Output each record in full, exactly as it stands.
========================
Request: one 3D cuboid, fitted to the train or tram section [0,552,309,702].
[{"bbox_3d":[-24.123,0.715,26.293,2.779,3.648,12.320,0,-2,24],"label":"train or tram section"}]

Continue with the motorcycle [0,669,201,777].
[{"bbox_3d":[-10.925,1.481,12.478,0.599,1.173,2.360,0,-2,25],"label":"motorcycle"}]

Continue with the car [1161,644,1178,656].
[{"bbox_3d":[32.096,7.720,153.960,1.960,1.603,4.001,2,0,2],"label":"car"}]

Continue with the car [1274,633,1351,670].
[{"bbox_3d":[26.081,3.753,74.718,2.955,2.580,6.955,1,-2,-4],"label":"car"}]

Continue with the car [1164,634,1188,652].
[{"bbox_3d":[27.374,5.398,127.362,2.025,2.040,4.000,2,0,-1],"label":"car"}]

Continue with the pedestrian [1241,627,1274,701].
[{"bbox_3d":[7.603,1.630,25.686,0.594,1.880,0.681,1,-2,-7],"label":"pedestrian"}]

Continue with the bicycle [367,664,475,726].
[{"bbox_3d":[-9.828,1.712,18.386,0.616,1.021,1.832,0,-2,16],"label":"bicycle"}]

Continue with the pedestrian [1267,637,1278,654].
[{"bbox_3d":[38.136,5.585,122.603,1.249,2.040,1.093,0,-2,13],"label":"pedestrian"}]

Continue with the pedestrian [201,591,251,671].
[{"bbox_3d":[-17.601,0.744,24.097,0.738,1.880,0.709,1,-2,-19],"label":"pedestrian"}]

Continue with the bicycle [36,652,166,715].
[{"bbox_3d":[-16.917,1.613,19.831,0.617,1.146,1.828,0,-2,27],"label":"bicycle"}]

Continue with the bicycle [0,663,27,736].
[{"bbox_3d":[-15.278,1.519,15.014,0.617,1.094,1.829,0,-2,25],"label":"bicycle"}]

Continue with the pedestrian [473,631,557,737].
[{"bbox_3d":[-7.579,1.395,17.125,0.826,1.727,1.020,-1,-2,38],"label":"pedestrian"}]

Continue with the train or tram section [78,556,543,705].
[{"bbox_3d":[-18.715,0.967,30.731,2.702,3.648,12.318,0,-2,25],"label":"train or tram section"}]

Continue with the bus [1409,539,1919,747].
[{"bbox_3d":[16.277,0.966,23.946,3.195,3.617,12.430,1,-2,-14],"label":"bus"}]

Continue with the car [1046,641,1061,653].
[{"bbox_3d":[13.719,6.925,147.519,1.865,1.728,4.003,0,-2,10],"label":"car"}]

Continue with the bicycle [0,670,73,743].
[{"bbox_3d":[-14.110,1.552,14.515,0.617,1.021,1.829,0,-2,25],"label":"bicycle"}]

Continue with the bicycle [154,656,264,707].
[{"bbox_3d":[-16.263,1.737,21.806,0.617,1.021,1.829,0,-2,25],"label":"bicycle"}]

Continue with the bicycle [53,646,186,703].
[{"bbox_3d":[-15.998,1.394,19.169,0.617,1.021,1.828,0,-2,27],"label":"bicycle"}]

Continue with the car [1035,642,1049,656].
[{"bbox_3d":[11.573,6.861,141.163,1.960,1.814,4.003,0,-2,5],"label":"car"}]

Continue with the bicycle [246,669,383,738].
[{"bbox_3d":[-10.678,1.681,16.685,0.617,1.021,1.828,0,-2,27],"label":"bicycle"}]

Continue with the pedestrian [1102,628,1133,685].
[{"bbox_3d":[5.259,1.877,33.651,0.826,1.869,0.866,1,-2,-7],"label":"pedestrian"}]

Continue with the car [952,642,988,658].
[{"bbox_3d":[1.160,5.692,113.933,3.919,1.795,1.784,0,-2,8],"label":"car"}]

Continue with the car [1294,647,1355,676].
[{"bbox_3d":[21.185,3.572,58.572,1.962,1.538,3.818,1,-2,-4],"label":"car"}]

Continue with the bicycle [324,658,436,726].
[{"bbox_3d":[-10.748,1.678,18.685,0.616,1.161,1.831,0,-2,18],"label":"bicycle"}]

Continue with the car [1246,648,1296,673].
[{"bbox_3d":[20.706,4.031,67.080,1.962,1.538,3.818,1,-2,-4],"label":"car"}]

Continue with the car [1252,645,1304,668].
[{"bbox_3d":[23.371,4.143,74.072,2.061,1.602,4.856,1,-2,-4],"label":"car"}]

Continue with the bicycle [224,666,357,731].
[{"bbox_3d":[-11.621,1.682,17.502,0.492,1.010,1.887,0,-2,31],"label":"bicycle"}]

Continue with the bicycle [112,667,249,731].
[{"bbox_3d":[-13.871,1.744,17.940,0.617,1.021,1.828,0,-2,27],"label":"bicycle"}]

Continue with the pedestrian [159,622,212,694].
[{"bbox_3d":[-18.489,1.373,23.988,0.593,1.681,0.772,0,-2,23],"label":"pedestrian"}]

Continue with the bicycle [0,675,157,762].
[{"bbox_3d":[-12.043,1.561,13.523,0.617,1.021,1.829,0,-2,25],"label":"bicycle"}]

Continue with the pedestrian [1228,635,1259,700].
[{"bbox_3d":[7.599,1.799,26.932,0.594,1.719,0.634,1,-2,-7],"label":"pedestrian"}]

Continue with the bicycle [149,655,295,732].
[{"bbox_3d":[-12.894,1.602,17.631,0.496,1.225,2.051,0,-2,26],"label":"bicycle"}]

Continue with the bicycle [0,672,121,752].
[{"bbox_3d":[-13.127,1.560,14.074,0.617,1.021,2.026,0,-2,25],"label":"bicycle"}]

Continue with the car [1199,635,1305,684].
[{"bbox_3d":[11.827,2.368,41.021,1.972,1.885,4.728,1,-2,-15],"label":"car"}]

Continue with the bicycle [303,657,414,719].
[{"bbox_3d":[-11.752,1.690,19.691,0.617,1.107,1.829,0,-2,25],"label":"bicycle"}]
========================
▶ Output for this exercise:
Request: one 3D cuboid, fitted to the train or tram section [0,552,309,702].
[{"bbox_3d":[-24.123,0.715,26.293,2.779,3.648,12.320,0,-2,24],"label":"train or tram section"}]

Continue with the motorcycle [0,669,201,777].
[{"bbox_3d":[-10.925,1.481,12.478,0.599,1.173,2.360,0,-2,25],"label":"motorcycle"}]

Continue with the car [1161,644,1178,656].
[{"bbox_3d":[32.096,7.720,153.960,1.960,1.603,4.001,2,0,2],"label":"car"}]

Continue with the car [1274,633,1351,670].
[{"bbox_3d":[26.081,3.753,74.718,2.955,2.580,6.955,1,-2,-4],"label":"car"}]

Continue with the car [1164,634,1188,652].
[{"bbox_3d":[27.374,5.398,127.362,2.025,2.040,4.000,2,0,-1],"label":"car"}]

Continue with the pedestrian [1241,627,1274,701].
[{"bbox_3d":[7.603,1.630,25.686,0.594,1.880,0.681,1,-2,-7],"label":"pedestrian"}]

Continue with the bicycle [367,664,475,726].
[{"bbox_3d":[-9.828,1.712,18.386,0.616,1.021,1.832,0,-2,16],"label":"bicycle"}]

Continue with the pedestrian [1267,637,1278,654].
[{"bbox_3d":[38.136,5.585,122.603,1.249,2.040,1.093,0,-2,13],"label":"pedestrian"}]

Continue with the pedestrian [201,591,251,671].
[{"bbox_3d":[-17.601,0.744,24.097,0.738,1.880,0.709,1,-2,-19],"label":"pedestrian"}]

Continue with the bicycle [36,652,166,715].
[{"bbox_3d":[-16.917,1.613,19.831,0.617,1.146,1.828,0,-2,27],"label":"bicycle"}]

Continue with the bicycle [0,663,27,736].
[{"bbox_3d":[-15.278,1.519,15.014,0.617,1.094,1.829,0,-2,25],"label":"bicycle"}]

Continue with the pedestrian [473,631,557,737].
[{"bbox_3d":[-7.579,1.395,17.125,0.826,1.727,1.020,-1,-2,38],"label":"pedestrian"}]

Continue with the train or tram section [78,556,543,705].
[{"bbox_3d":[-18.715,0.967,30.731,2.702,3.648,12.318,0,-2,25],"label":"train or tram section"}]

Continue with the bus [1409,539,1919,747].
[{"bbox_3d":[16.277,0.966,23.946,3.195,3.617,12.430,1,-2,-14],"label":"bus"}]

Continue with the car [1046,641,1061,653].
[{"bbox_3d":[13.719,6.925,147.519,1.865,1.728,4.003,0,-2,10],"label":"car"}]

Continue with the bicycle [0,670,73,743].
[{"bbox_3d":[-14.110,1.552,14.515,0.617,1.021,1.829,0,-2,25],"label":"bicycle"}]

Continue with the bicycle [154,656,264,707].
[{"bbox_3d":[-16.263,1.737,21.806,0.617,1.021,1.829,0,-2,25],"label":"bicycle"}]

Continue with the bicycle [53,646,186,703].
[{"bbox_3d":[-15.998,1.394,19.169,0.617,1.021,1.828,0,-2,27],"label":"bicycle"}]

Continue with the car [1035,642,1049,656].
[{"bbox_3d":[11.573,6.861,141.163,1.960,1.814,4.003,0,-2,5],"label":"car"}]

Continue with the bicycle [246,669,383,738].
[{"bbox_3d":[-10.678,1.681,16.685,0.617,1.021,1.828,0,-2,27],"label":"bicycle"}]

Continue with the pedestrian [1102,628,1133,685].
[{"bbox_3d":[5.259,1.877,33.651,0.826,1.869,0.866,1,-2,-7],"label":"pedestrian"}]

Continue with the car [952,642,988,658].
[{"bbox_3d":[1.160,5.692,113.933,3.919,1.795,1.784,0,-2,8],"label":"car"}]

Continue with the car [1294,647,1355,676].
[{"bbox_3d":[21.185,3.572,58.572,1.962,1.538,3.818,1,-2,-4],"label":"car"}]

Continue with the bicycle [324,658,436,726].
[{"bbox_3d":[-10.748,1.678,18.685,0.616,1.161,1.831,0,-2,18],"label":"bicycle"}]

Continue with the car [1246,648,1296,673].
[{"bbox_3d":[20.706,4.031,67.080,1.962,1.538,3.818,1,-2,-4],"label":"car"}]

Continue with the car [1252,645,1304,668].
[{"bbox_3d":[23.371,4.143,74.072,2.061,1.602,4.856,1,-2,-4],"label":"car"}]

Continue with the bicycle [224,666,357,731].
[{"bbox_3d":[-11.621,1.682,17.502,0.492,1.010,1.887,0,-2,31],"label":"bicycle"}]

Continue with the bicycle [112,667,249,731].
[{"bbox_3d":[-13.871,1.744,17.940,0.617,1.021,1.828,0,-2,27],"label":"bicycle"}]

Continue with the pedestrian [159,622,212,694].
[{"bbox_3d":[-18.489,1.373,23.988,0.593,1.681,0.772,0,-2,23],"label":"pedestrian"}]

Continue with the bicycle [0,675,157,762].
[{"bbox_3d":[-12.043,1.561,13.523,0.617,1.021,1.829,0,-2,25],"label":"bicycle"}]

Continue with the pedestrian [1228,635,1259,700].
[{"bbox_3d":[7.599,1.799,26.932,0.594,1.719,0.634,1,-2,-7],"label":"pedestrian"}]

Continue with the bicycle [149,655,295,732].
[{"bbox_3d":[-12.894,1.602,17.631,0.496,1.225,2.051,0,-2,26],"label":"bicycle"}]

Continue with the bicycle [0,672,121,752].
[{"bbox_3d":[-13.127,1.560,14.074,0.617,1.021,2.026,0,-2,25],"label":"bicycle"}]

Continue with the car [1199,635,1305,684].
[{"bbox_3d":[11.827,2.368,41.021,1.972,1.885,4.728,1,-2,-15],"label":"car"}]

Continue with the bicycle [303,657,414,719].
[{"bbox_3d":[-11.752,1.690,19.691,0.617,1.107,1.829,0,-2,25],"label":"bicycle"}]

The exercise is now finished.